- [Task prompt]
Would you set down every line of the data below exactly as it reads?

[Study material]

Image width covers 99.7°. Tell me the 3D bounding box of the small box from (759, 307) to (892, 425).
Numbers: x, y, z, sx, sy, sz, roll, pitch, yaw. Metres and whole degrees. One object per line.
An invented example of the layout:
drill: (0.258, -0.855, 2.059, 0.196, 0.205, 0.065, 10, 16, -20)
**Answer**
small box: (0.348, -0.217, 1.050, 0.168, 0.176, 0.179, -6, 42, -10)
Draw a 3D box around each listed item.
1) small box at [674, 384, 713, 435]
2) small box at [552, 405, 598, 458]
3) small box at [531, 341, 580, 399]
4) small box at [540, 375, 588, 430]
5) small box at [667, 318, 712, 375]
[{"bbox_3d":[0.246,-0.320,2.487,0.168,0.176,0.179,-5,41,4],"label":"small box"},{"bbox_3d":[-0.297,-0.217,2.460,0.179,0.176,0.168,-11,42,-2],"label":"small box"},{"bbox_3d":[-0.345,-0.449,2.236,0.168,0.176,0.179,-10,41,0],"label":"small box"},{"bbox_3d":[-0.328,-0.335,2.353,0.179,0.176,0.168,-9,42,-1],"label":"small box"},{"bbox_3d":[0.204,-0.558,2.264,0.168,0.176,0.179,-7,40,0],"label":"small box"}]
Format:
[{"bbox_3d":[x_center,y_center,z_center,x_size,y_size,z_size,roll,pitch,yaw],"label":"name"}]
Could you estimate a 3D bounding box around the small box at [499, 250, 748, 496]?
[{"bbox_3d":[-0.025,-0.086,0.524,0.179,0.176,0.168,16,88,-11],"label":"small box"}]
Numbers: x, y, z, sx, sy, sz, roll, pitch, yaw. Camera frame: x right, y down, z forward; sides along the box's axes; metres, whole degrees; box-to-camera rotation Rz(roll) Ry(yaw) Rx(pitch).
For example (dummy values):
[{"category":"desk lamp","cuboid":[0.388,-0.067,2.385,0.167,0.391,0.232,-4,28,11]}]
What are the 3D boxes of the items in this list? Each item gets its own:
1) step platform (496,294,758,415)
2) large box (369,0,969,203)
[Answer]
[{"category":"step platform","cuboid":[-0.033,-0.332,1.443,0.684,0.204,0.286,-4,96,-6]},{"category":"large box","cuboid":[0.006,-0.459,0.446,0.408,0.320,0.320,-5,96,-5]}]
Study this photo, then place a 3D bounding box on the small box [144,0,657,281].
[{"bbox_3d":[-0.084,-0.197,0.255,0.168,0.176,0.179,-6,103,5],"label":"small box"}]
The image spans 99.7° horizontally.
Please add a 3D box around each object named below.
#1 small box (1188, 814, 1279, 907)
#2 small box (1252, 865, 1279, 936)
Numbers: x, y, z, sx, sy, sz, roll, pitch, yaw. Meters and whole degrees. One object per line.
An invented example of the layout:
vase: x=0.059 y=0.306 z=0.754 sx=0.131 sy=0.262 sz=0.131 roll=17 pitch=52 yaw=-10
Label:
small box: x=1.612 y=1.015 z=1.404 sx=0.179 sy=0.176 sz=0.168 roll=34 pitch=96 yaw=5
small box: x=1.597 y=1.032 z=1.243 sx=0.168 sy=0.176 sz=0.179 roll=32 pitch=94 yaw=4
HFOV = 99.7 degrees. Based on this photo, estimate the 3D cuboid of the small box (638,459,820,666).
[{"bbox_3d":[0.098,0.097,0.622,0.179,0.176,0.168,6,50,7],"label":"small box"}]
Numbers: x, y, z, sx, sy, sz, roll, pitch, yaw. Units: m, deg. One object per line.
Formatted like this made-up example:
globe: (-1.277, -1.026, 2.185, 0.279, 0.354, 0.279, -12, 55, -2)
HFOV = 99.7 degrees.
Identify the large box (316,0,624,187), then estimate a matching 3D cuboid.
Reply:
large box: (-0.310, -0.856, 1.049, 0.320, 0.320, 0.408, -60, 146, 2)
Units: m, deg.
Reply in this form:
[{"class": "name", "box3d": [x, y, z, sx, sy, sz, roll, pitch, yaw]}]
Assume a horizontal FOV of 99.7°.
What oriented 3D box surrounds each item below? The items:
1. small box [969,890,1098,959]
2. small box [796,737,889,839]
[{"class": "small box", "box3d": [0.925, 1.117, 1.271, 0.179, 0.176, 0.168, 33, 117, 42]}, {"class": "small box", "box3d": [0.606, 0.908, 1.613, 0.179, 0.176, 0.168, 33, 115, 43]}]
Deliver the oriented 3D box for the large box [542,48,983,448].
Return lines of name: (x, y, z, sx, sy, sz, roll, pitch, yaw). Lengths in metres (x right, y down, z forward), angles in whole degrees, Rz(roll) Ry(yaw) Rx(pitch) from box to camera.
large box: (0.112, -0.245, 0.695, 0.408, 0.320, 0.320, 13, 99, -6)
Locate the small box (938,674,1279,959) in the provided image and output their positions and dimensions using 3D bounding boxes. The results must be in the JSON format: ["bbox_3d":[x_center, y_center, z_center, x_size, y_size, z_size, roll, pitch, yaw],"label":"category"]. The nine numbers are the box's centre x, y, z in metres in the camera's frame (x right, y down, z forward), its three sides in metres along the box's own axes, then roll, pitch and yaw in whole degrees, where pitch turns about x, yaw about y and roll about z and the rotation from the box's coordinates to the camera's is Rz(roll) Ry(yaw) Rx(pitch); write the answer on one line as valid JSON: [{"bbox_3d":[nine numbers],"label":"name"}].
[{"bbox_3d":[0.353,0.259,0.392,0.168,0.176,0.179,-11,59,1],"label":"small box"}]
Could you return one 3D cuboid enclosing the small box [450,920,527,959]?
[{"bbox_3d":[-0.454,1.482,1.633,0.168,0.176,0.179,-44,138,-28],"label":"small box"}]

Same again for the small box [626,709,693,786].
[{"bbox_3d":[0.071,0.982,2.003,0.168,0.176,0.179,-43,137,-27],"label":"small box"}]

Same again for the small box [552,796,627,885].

[/Study material]

- [Response for this exercise]
Image width covers 99.7°. Tell me the 3D bounding box of the small box from (759, 307) to (892, 425).
Numbers: x, y, z, sx, sy, sz, roll, pitch, yaw. Metres and whole degrees. One object per line.
An invented example of the layout:
drill: (0.258, -0.855, 2.059, 0.196, 0.205, 0.065, 10, 16, -20)
**Answer**
small box: (0.348, -0.217, 1.050, 0.168, 0.176, 0.179, -6, 42, -10)
Draw a 3D box around each listed item.
1) small box at [674, 384, 713, 435]
2) small box at [552, 405, 598, 458]
3) small box at [531, 341, 580, 399]
4) small box at [540, 375, 588, 430]
5) small box at [667, 318, 712, 375]
[{"bbox_3d":[0.246,-0.320,2.487,0.168,0.176,0.179,-5,41,4],"label":"small box"},{"bbox_3d":[-0.297,-0.217,2.460,0.179,0.176,0.168,-11,42,-2],"label":"small box"},{"bbox_3d":[-0.345,-0.449,2.236,0.168,0.176,0.179,-10,41,0],"label":"small box"},{"bbox_3d":[-0.328,-0.335,2.353,0.179,0.176,0.168,-9,42,-1],"label":"small box"},{"bbox_3d":[0.204,-0.558,2.264,0.168,0.176,0.179,-7,40,0],"label":"small box"}]
Format:
[{"bbox_3d":[x_center,y_center,z_center,x_size,y_size,z_size,roll,pitch,yaw],"label":"name"}]
Could you estimate a 3D bounding box around the small box at [499, 250, 748, 496]?
[{"bbox_3d":[-0.025,-0.086,0.524,0.179,0.176,0.168,16,88,-11],"label":"small box"}]
Numbers: x, y, z, sx, sy, sz, roll, pitch, yaw. Camera frame: x right, y down, z forward; sides along the box's axes; metres, whole degrees; box-to-camera rotation Rz(roll) Ry(yaw) Rx(pitch).
For example (dummy values):
[{"category":"desk lamp","cuboid":[0.388,-0.067,2.385,0.167,0.391,0.232,-4,28,11]}]
What are the 3D boxes of the items in this list? Each item gets its own:
1) step platform (496,294,758,415)
2) large box (369,0,969,203)
[Answer]
[{"category":"step platform","cuboid":[-0.033,-0.332,1.443,0.684,0.204,0.286,-4,96,-6]},{"category":"large box","cuboid":[0.006,-0.459,0.446,0.408,0.320,0.320,-5,96,-5]}]
Study this photo, then place a 3D bounding box on the small box [144,0,657,281].
[{"bbox_3d":[-0.084,-0.197,0.255,0.168,0.176,0.179,-6,103,5],"label":"small box"}]
The image spans 99.7° horizontally.
Please add a 3D box around each object named below.
#1 small box (1188, 814, 1279, 907)
#2 small box (1252, 865, 1279, 936)
Numbers: x, y, z, sx, sy, sz, roll, pitch, yaw. Meters and whole degrees. One object per line.
An invented example of the layout:
vase: x=0.059 y=0.306 z=0.754 sx=0.131 sy=0.262 sz=0.131 roll=17 pitch=52 yaw=-10
Label:
small box: x=1.612 y=1.015 z=1.404 sx=0.179 sy=0.176 sz=0.168 roll=34 pitch=96 yaw=5
small box: x=1.597 y=1.032 z=1.243 sx=0.168 sy=0.176 sz=0.179 roll=32 pitch=94 yaw=4
HFOV = 99.7 degrees. Based on this photo, estimate the 3D cuboid of the small box (638,459,820,666).
[{"bbox_3d":[0.098,0.097,0.622,0.179,0.176,0.168,6,50,7],"label":"small box"}]
Numbers: x, y, z, sx, sy, sz, roll, pitch, yaw. Units: m, deg. One object per line.
Formatted like this made-up example:
globe: (-1.277, -1.026, 2.185, 0.279, 0.354, 0.279, -12, 55, -2)
HFOV = 99.7 degrees.
Identify the large box (316,0,624,187), then estimate a matching 3D cuboid.
Reply:
large box: (-0.310, -0.856, 1.049, 0.320, 0.320, 0.408, -60, 146, 2)
Units: m, deg.
Reply in this form:
[{"class": "name", "box3d": [x, y, z, sx, sy, sz, roll, pitch, yaw]}]
Assume a horizontal FOV of 99.7°.
What oriented 3D box surrounds each item below? The items:
1. small box [969,890,1098,959]
2. small box [796,737,889,839]
[{"class": "small box", "box3d": [0.925, 1.117, 1.271, 0.179, 0.176, 0.168, 33, 117, 42]}, {"class": "small box", "box3d": [0.606, 0.908, 1.613, 0.179, 0.176, 0.168, 33, 115, 43]}]
Deliver the oriented 3D box for the large box [542,48,983,448].
Return lines of name: (x, y, z, sx, sy, sz, roll, pitch, yaw). Lengths in metres (x right, y down, z forward), angles in whole degrees, Rz(roll) Ry(yaw) Rx(pitch) from box to camera.
large box: (0.112, -0.245, 0.695, 0.408, 0.320, 0.320, 13, 99, -6)
Locate the small box (938,674,1279,959) in the provided image and output their positions and dimensions using 3D bounding boxes. The results must be in the JSON format: ["bbox_3d":[x_center, y_center, z_center, x_size, y_size, z_size, roll, pitch, yaw],"label":"category"]. The nine numbers are the box's centre x, y, z in metres in the camera's frame (x right, y down, z forward), its three sides in metres along the box's own axes, then roll, pitch and yaw in whole degrees, where pitch turns about x, yaw about y and roll about z and the rotation from the box's coordinates to the camera's is Rz(roll) Ry(yaw) Rx(pitch); write the answer on one line as valid JSON: [{"bbox_3d":[nine numbers],"label":"name"}].
[{"bbox_3d":[0.353,0.259,0.392,0.168,0.176,0.179,-11,59,1],"label":"small box"}]
Could you return one 3D cuboid enclosing the small box [450,920,527,959]?
[{"bbox_3d":[-0.454,1.482,1.633,0.168,0.176,0.179,-44,138,-28],"label":"small box"}]

Same again for the small box [626,709,693,786].
[{"bbox_3d":[0.071,0.982,2.003,0.168,0.176,0.179,-43,137,-27],"label":"small box"}]

Same again for the small box [552,796,627,885].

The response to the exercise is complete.